Samos, The valley of the Nightingales. 17 - 31 July 2003,

Keith Heaven

All of my sightings were around a single valley, The valley of the Nightingales. I have decided to divide up my sightings according to the habitat ie from the bare mountain tops via the fields and woods to the sea.

1.The upper crags and the bare hills.

The valley rises into the mountains to the village of Manolates.

Above the trees,closer to the village, the habitat was more open with more cultivation,especially olive groves and vines. Higher up still,the mountains are craggy,bare and steep.

Apart from flocks of higher flying SWALLOWS, RED-RUMPED SWALLOWS and HOUSE MARTINS the main birds seen high up were raptors.

Single LONG LEGGED BUZZARDS were seen on several days ,either high above the hill village or lower down the valley.

More exciting were a pair of SHORT TOED EAGLES seen displaying together.They would fly at each other,extending their talons towards each other and briefly grappling before breaking away, leaving their legs still dangling.
One evening they displayed in front of our Hotel--The Daphne--which is on a slope facing woods and bare cliffs.
The birds frequently landed on tree tops or the tops of crags but I could not identify any possible nest site.

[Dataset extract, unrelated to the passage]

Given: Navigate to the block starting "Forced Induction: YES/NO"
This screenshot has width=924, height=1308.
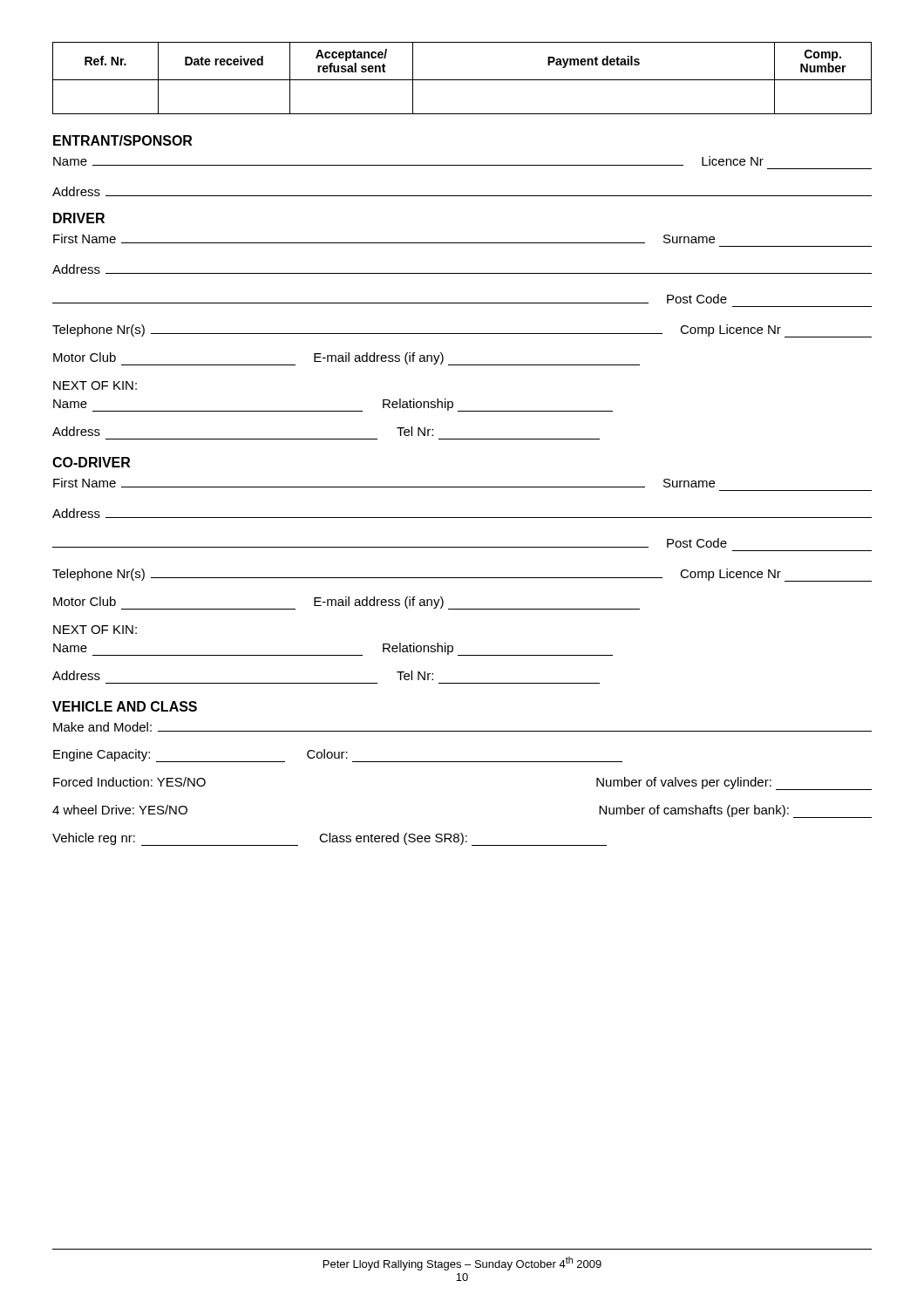Looking at the screenshot, I should click(x=128, y=784).

At least two PEREGRINES also frequented the valley,though,as well as soaring high up,they also flew down very low over the tree tops. On one occasion,I watched a PEREGRINE climbing to try to harass a LONG LEGGED BUZZARD but the larger bird did not seem too worried.

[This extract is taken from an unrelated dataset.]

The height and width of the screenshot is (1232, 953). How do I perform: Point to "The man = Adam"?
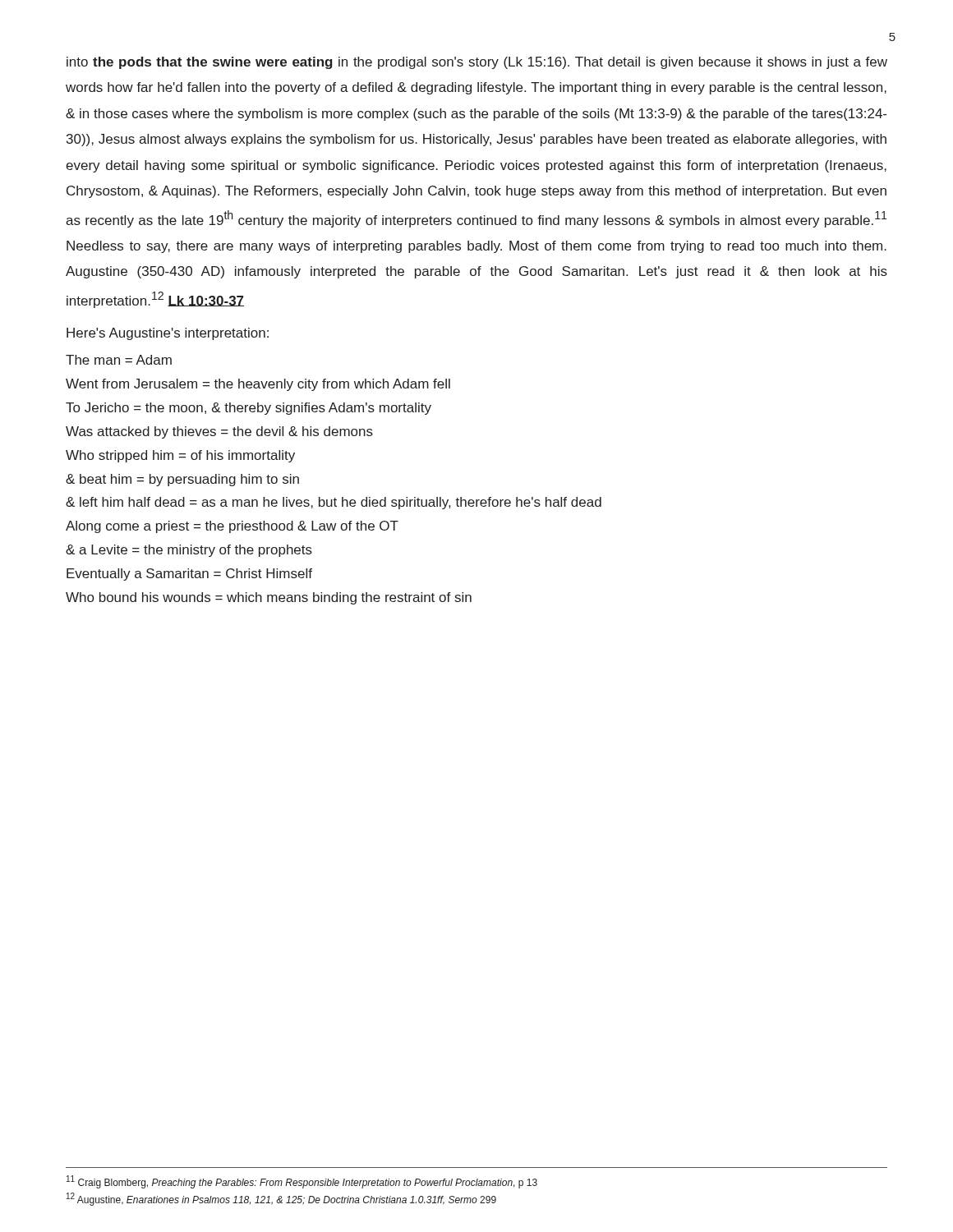(119, 360)

As well as the raptors, I  saw up to four RAVENS at a time over the mountains.I never saw any interaction between the birds of prey and the RAVENS but I saw six HOODED CROWS crossing the valley in confident formation until suddenly encountering a direct attack by a RAVEN.Without hesitation,and still in perfect formation,they swiftly turned 180 degrees and fled back the way they had come!

2.The woods and streams.

Much of the valley--which is also called Aidonia---is covered in dense,shady woodland, especially along the streams which were flowing strongly even in late July when we visited.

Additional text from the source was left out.